*** Opening of Dataset entries ***

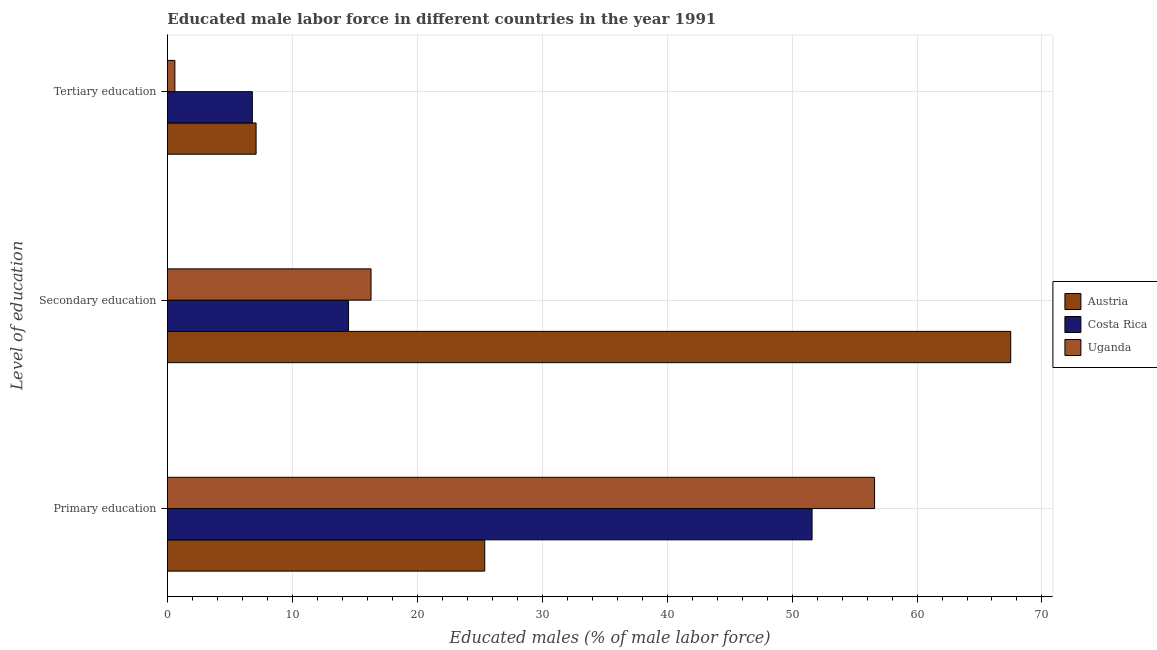How many groups of bars are there?
Provide a short and direct response. 3. Are the number of bars on each tick of the Y-axis equal?
Keep it short and to the point. Yes. How many bars are there on the 3rd tick from the top?
Your answer should be very brief. 3. How many bars are there on the 3rd tick from the bottom?
Provide a succinct answer. 3. What is the label of the 2nd group of bars from the top?
Your response must be concise. Secondary education. What is the percentage of male labor force who received secondary education in Uganda?
Your answer should be very brief. 16.3. Across all countries, what is the maximum percentage of male labor force who received secondary education?
Offer a very short reply. 67.5. Across all countries, what is the minimum percentage of male labor force who received tertiary education?
Offer a terse response. 0.6. What is the total percentage of male labor force who received tertiary education in the graph?
Your answer should be very brief. 14.5. What is the difference between the percentage of male labor force who received primary education in Austria and that in Uganda?
Provide a short and direct response. -31.2. What is the difference between the percentage of male labor force who received tertiary education in Costa Rica and the percentage of male labor force who received secondary education in Uganda?
Your answer should be compact. -9.5. What is the average percentage of male labor force who received primary education per country?
Your response must be concise. 44.53. What is the difference between the percentage of male labor force who received tertiary education and percentage of male labor force who received primary education in Uganda?
Your answer should be very brief. -56. In how many countries, is the percentage of male labor force who received primary education greater than 2 %?
Your answer should be very brief. 3. What is the ratio of the percentage of male labor force who received tertiary education in Austria to that in Costa Rica?
Ensure brevity in your answer.  1.04. What is the difference between the highest and the second highest percentage of male labor force who received tertiary education?
Give a very brief answer. 0.3. In how many countries, is the percentage of male labor force who received tertiary education greater than the average percentage of male labor force who received tertiary education taken over all countries?
Offer a very short reply. 2. Is the sum of the percentage of male labor force who received primary education in Austria and Uganda greater than the maximum percentage of male labor force who received tertiary education across all countries?
Make the answer very short. Yes. What does the 1st bar from the top in Primary education represents?
Your answer should be very brief. Uganda. How many countries are there in the graph?
Provide a succinct answer. 3. What is the difference between two consecutive major ticks on the X-axis?
Your response must be concise. 10. Does the graph contain any zero values?
Your answer should be compact. No. Where does the legend appear in the graph?
Offer a very short reply. Center right. What is the title of the graph?
Give a very brief answer. Educated male labor force in different countries in the year 1991. What is the label or title of the X-axis?
Your answer should be very brief. Educated males (% of male labor force). What is the label or title of the Y-axis?
Make the answer very short. Level of education. What is the Educated males (% of male labor force) in Austria in Primary education?
Your answer should be compact. 25.4. What is the Educated males (% of male labor force) in Costa Rica in Primary education?
Your response must be concise. 51.6. What is the Educated males (% of male labor force) in Uganda in Primary education?
Provide a succinct answer. 56.6. What is the Educated males (% of male labor force) in Austria in Secondary education?
Provide a succinct answer. 67.5. What is the Educated males (% of male labor force) of Costa Rica in Secondary education?
Ensure brevity in your answer.  14.5. What is the Educated males (% of male labor force) in Uganda in Secondary education?
Provide a succinct answer. 16.3. What is the Educated males (% of male labor force) in Austria in Tertiary education?
Give a very brief answer. 7.1. What is the Educated males (% of male labor force) in Costa Rica in Tertiary education?
Give a very brief answer. 6.8. What is the Educated males (% of male labor force) of Uganda in Tertiary education?
Your answer should be very brief. 0.6. Across all Level of education, what is the maximum Educated males (% of male labor force) of Austria?
Give a very brief answer. 67.5. Across all Level of education, what is the maximum Educated males (% of male labor force) in Costa Rica?
Your answer should be very brief. 51.6. Across all Level of education, what is the maximum Educated males (% of male labor force) in Uganda?
Give a very brief answer. 56.6. Across all Level of education, what is the minimum Educated males (% of male labor force) in Austria?
Give a very brief answer. 7.1. Across all Level of education, what is the minimum Educated males (% of male labor force) of Costa Rica?
Offer a very short reply. 6.8. Across all Level of education, what is the minimum Educated males (% of male labor force) of Uganda?
Your response must be concise. 0.6. What is the total Educated males (% of male labor force) of Austria in the graph?
Ensure brevity in your answer.  100. What is the total Educated males (% of male labor force) of Costa Rica in the graph?
Keep it short and to the point. 72.9. What is the total Educated males (% of male labor force) of Uganda in the graph?
Ensure brevity in your answer.  73.5. What is the difference between the Educated males (% of male labor force) in Austria in Primary education and that in Secondary education?
Provide a succinct answer. -42.1. What is the difference between the Educated males (% of male labor force) of Costa Rica in Primary education and that in Secondary education?
Provide a short and direct response. 37.1. What is the difference between the Educated males (% of male labor force) in Uganda in Primary education and that in Secondary education?
Your response must be concise. 40.3. What is the difference between the Educated males (% of male labor force) in Costa Rica in Primary education and that in Tertiary education?
Offer a terse response. 44.8. What is the difference between the Educated males (% of male labor force) of Uganda in Primary education and that in Tertiary education?
Give a very brief answer. 56. What is the difference between the Educated males (% of male labor force) in Austria in Secondary education and that in Tertiary education?
Keep it short and to the point. 60.4. What is the difference between the Educated males (% of male labor force) of Costa Rica in Secondary education and that in Tertiary education?
Your response must be concise. 7.7. What is the difference between the Educated males (% of male labor force) in Austria in Primary education and the Educated males (% of male labor force) in Costa Rica in Secondary education?
Offer a terse response. 10.9. What is the difference between the Educated males (% of male labor force) of Austria in Primary education and the Educated males (% of male labor force) of Uganda in Secondary education?
Provide a short and direct response. 9.1. What is the difference between the Educated males (% of male labor force) in Costa Rica in Primary education and the Educated males (% of male labor force) in Uganda in Secondary education?
Make the answer very short. 35.3. What is the difference between the Educated males (% of male labor force) of Austria in Primary education and the Educated males (% of male labor force) of Uganda in Tertiary education?
Ensure brevity in your answer.  24.8. What is the difference between the Educated males (% of male labor force) in Austria in Secondary education and the Educated males (% of male labor force) in Costa Rica in Tertiary education?
Your response must be concise. 60.7. What is the difference between the Educated males (% of male labor force) of Austria in Secondary education and the Educated males (% of male labor force) of Uganda in Tertiary education?
Your response must be concise. 66.9. What is the average Educated males (% of male labor force) in Austria per Level of education?
Offer a very short reply. 33.33. What is the average Educated males (% of male labor force) of Costa Rica per Level of education?
Offer a terse response. 24.3. What is the difference between the Educated males (% of male labor force) of Austria and Educated males (% of male labor force) of Costa Rica in Primary education?
Offer a terse response. -26.2. What is the difference between the Educated males (% of male labor force) of Austria and Educated males (% of male labor force) of Uganda in Primary education?
Offer a terse response. -31.2. What is the difference between the Educated males (% of male labor force) of Austria and Educated males (% of male labor force) of Costa Rica in Secondary education?
Provide a short and direct response. 53. What is the difference between the Educated males (% of male labor force) of Austria and Educated males (% of male labor force) of Uganda in Secondary education?
Your answer should be very brief. 51.2. What is the difference between the Educated males (% of male labor force) in Costa Rica and Educated males (% of male labor force) in Uganda in Secondary education?
Your response must be concise. -1.8. What is the ratio of the Educated males (% of male labor force) of Austria in Primary education to that in Secondary education?
Provide a short and direct response. 0.38. What is the ratio of the Educated males (% of male labor force) in Costa Rica in Primary education to that in Secondary education?
Make the answer very short. 3.56. What is the ratio of the Educated males (% of male labor force) of Uganda in Primary education to that in Secondary education?
Provide a succinct answer. 3.47. What is the ratio of the Educated males (% of male labor force) in Austria in Primary education to that in Tertiary education?
Ensure brevity in your answer.  3.58. What is the ratio of the Educated males (% of male labor force) of Costa Rica in Primary education to that in Tertiary education?
Ensure brevity in your answer.  7.59. What is the ratio of the Educated males (% of male labor force) of Uganda in Primary education to that in Tertiary education?
Offer a very short reply. 94.33. What is the ratio of the Educated males (% of male labor force) of Austria in Secondary education to that in Tertiary education?
Give a very brief answer. 9.51. What is the ratio of the Educated males (% of male labor force) of Costa Rica in Secondary education to that in Tertiary education?
Your response must be concise. 2.13. What is the ratio of the Educated males (% of male labor force) in Uganda in Secondary education to that in Tertiary education?
Your answer should be compact. 27.17. What is the difference between the highest and the second highest Educated males (% of male labor force) of Austria?
Provide a succinct answer. 42.1. What is the difference between the highest and the second highest Educated males (% of male labor force) of Costa Rica?
Your answer should be compact. 37.1. What is the difference between the highest and the second highest Educated males (% of male labor force) in Uganda?
Offer a very short reply. 40.3. What is the difference between the highest and the lowest Educated males (% of male labor force) of Austria?
Provide a short and direct response. 60.4. What is the difference between the highest and the lowest Educated males (% of male labor force) of Costa Rica?
Give a very brief answer. 44.8.

*** Close of Dataset entries ***

■ Exercise aim ■
Every line holding the string "lowest" should be copied here, so please find those lines in the data.

■ Task output ■
Offer a very short reply. 40.3. What is the difference between the highest and the lowest Educated males (% of male labor force) of Austria?
Provide a short and direct response. 60.4. What is the difference between the highest and the lowest Educated males (% of male labor force) of Costa Rica?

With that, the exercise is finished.